I’m riffing on database design and modeling in an agile methodology. In the previous post here I suggested that we might cheat a little and design database schemas 2-4 weeks in advance of their use… further, I suggested that to maximize agility we should limit the design to a conceptual schema. In this post I’m going to limit the scope little more by considering the use of a database in a restful application.

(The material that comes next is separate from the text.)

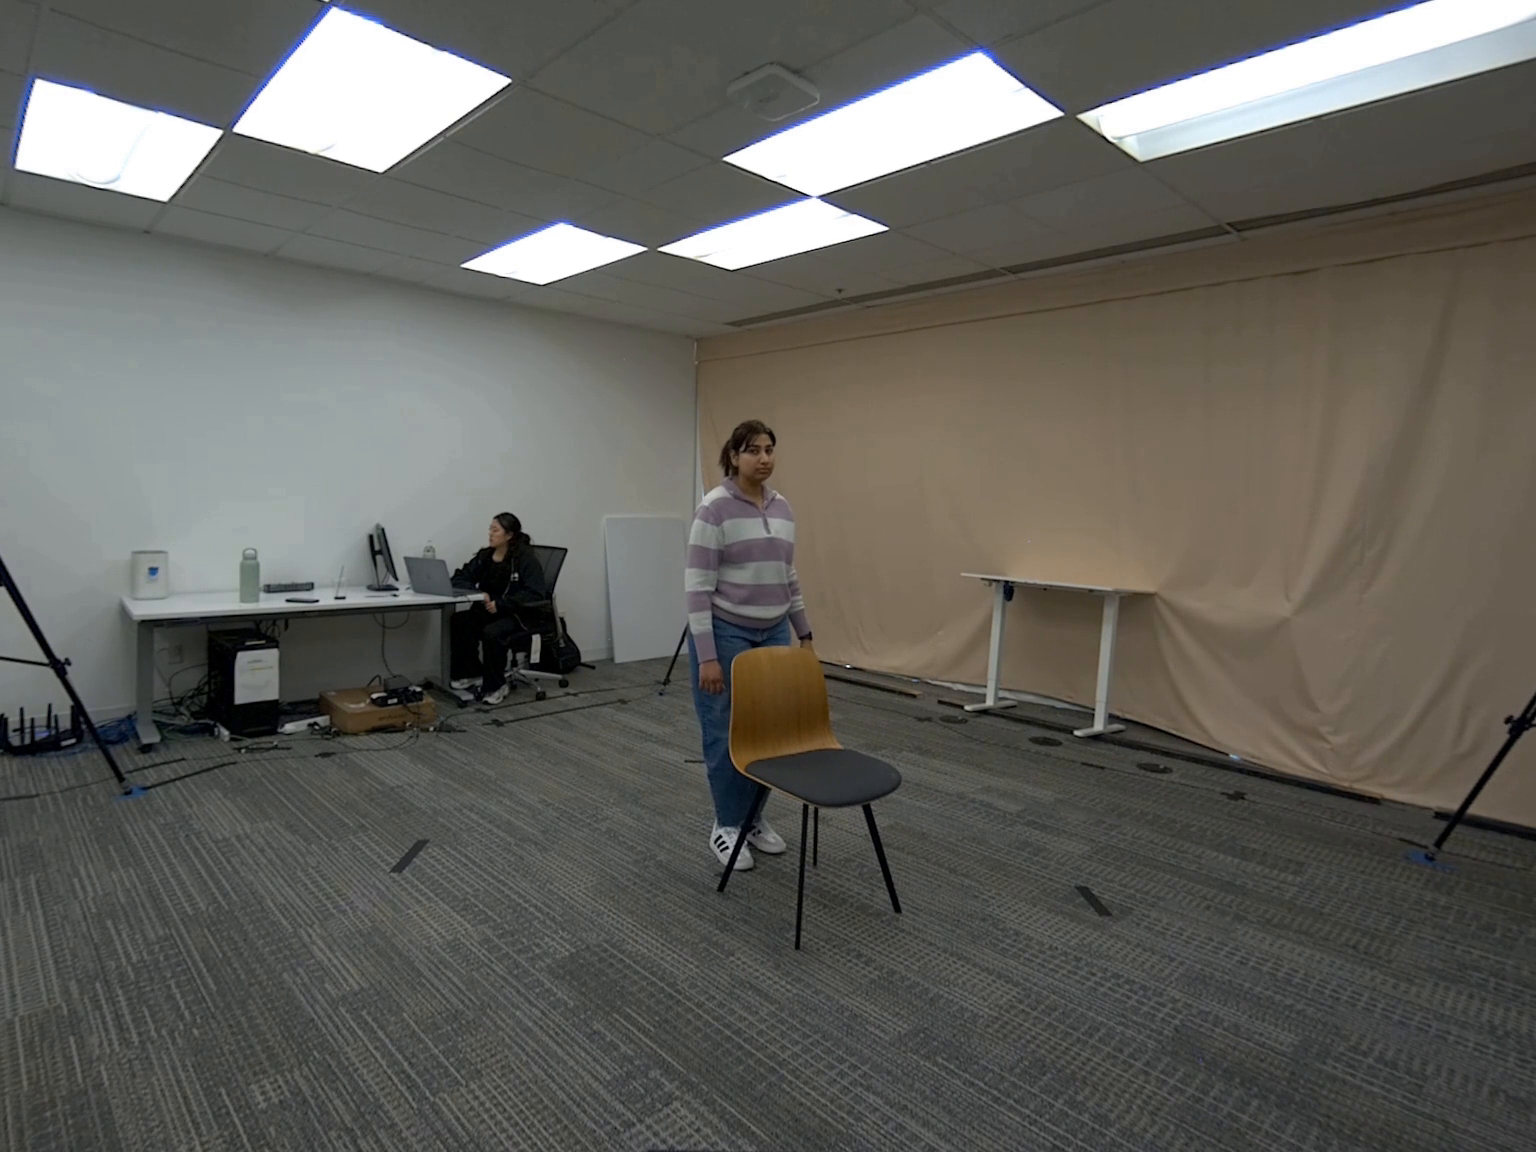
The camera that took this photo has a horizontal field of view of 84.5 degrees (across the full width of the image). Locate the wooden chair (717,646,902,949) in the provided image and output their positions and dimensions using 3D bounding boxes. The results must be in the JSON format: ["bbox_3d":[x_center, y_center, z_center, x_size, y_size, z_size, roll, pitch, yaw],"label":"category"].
[{"bbox_3d":[0.150,0.707,2.866,0.467,0.877,0.535,-1,0,-36],"label":"wooden chair"}]

I am not going to fully define the REST architecture here… but if you are a systems architect you should know this inside and out… what I will say is that sometimes, in order to build a RESTful application, you will find yourself using the database to store the application state. What I want to say here is that when the application stores state in a database that must persist across boundaries in your business process… but that is not required to persist across business processes… then you do not need to model this. Let the programmers do their worst. In this case database tables play the role of working storage (a very old term that dates me… at least I did not say “Data Division”)… and programmers need to be completely free to add and subtract data elements in their programs as required.

I also have a question for the architects out there…

When programmers touch relational data they typically go through one or more abstractions: maybe they call an XML-based RESTful web service… or maybe they write the service themselves and in the service call an ORB-thingie like Hibernate. I’ve seen terrible schema signs that result from programmers building to an object model without looking at the resulting relational model out of the other end. So… when we assign data architects to build a relational schema to underlie an object-oriented programming language… should we architect up the stack and deliver the relational schema, the ORB layer, and/or the RESTful CRUD services for the objects? We are starting down that path… but I thought that I would ask…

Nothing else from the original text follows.